The Lonely Villa | |
Director: | D. W. Griffith |
Starring: | David Miles |
Cinematography: | G. W. Bitzer Arthur Marvin |
Distributor: | Biograph Company |
Runtime: | 12 minutes |
Country: | United States |
Language: | Silent (English intertitles) |
The Lonely Villa is a 1909 American short silent crime drama film directed by D. W. Griffith. The film stars David Miles, Marion Leonard and Mary Pickford in one of her first film roles. It is based on the 1901 French play Au Téléphone (At the Telephone) by André de Lorde.[1] A print of The Lonely Villa survives and is currently in the public domain.[2] The Lonely Villa was produced by the Biograph Company and shot in Fort Lee, New Jersey.[3] [4] It was released on June 10, 1909, along with another D.W. Griffith split-reel film, A New Trick.[2]

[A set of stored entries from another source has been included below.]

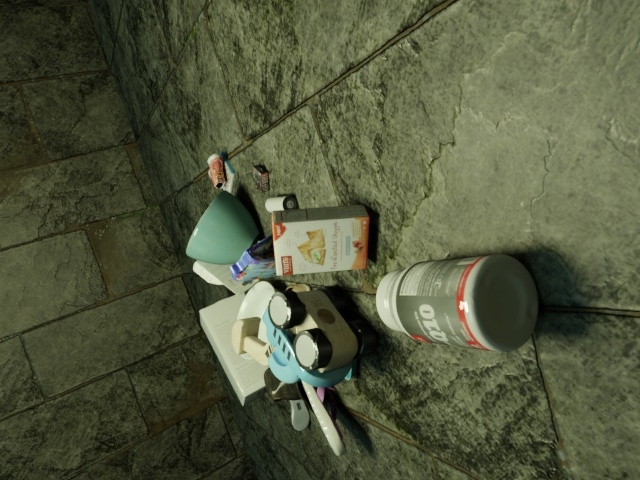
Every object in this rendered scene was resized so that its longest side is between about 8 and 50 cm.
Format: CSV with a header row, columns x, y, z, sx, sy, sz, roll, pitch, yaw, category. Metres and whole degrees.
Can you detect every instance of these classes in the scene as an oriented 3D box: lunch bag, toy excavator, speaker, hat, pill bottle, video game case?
x,y,z,sx,sy,sz,roll,pitch,yaw,category
-0.121,0.044,1.314,0.138,0.293,0.221,65,152,7,lunch bag
-0.107,0.315,1.408,0.433,0.222,0.445,51,126,34,toy excavator
-0.128,-0.116,1.476,0.136,0.055,0.055,6,113,59,speaker
-0.145,0.554,1.795,0.331,0.134,0.331,157,90,-82,hat
0.239,0.116,0.861,0.283,0.161,0.161,-14,96,62,pill bottle
-0.393,-0.268,1.891,0.119,0.015,0.166,58,151,20,video game case

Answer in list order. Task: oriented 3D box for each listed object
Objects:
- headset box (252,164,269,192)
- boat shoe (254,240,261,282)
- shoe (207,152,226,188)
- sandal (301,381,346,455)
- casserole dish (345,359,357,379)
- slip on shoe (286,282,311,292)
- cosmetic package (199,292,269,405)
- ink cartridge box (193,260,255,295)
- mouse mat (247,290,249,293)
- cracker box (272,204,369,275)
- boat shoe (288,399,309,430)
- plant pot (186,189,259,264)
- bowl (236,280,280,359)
x,y,z,sx,sy,sz,roll,pitch,yaw,category
-0.204,-0.216,1.569,0.062,0.032,0.083,44,145,39,headset box
-0.214,0.086,1.742,0.219,0.070,0.077,112,150,-46,boat shoe
-0.410,-0.275,1.837,0.081,0.063,0.178,62,157,11,shoe
0.018,0.579,1.647,0.416,0.102,0.169,-124,13,-50,sandal
0.077,0.357,1.452,0.114,0.037,0.188,42,141,42,casserole dish
-0.077,0.175,1.597,0.135,0.041,0.051,9,116,59,slip on shoe
-0.358,0.490,2.109,0.453,0.230,0.161,56,152,23,cosmetic package
-0.362,0.126,1.842,0.232,0.189,0.066,39,131,13,ink cartridge box
-0.288,0.327,2.121,0.190,0.007,0.152,26,130,54,mouse mat
0.000,0.000,1.134,0.067,0.232,0.155,-101,8,-56,cracker box
-0.104,0.717,1.987,0.076,0.080,0.228,-130,25,-65,boat shoe
-0.351,-0.021,1.760,0.195,0.290,0.290,29,147,-2,plant pot
-0.196,0.313,1.749,0.298,0.134,0.298,-31,50,45,bowl

A group of criminals wait until a wealthy man leaves to break into his house and threaten his wife and daughters. The wife and daughters take refuge inside one of the rooms, but the thieves break in. The father finds out what is happening and runs back home to try to save his family.
The Lonely Villa is notable for one of the earliest applications of “cross-cutting in a peril-and-rescue sequence”, a cinematic method used to create suspense.
The film, 12-minutes in duration, includes a series of alternating shots depicting the mother desperately defending her children from intruders, with shots of the frantic father driving at high speed to reach his imperiled family. Griffith, by incrementally shortening the length of each cross-cut “heightened the excitement” of the event.[5]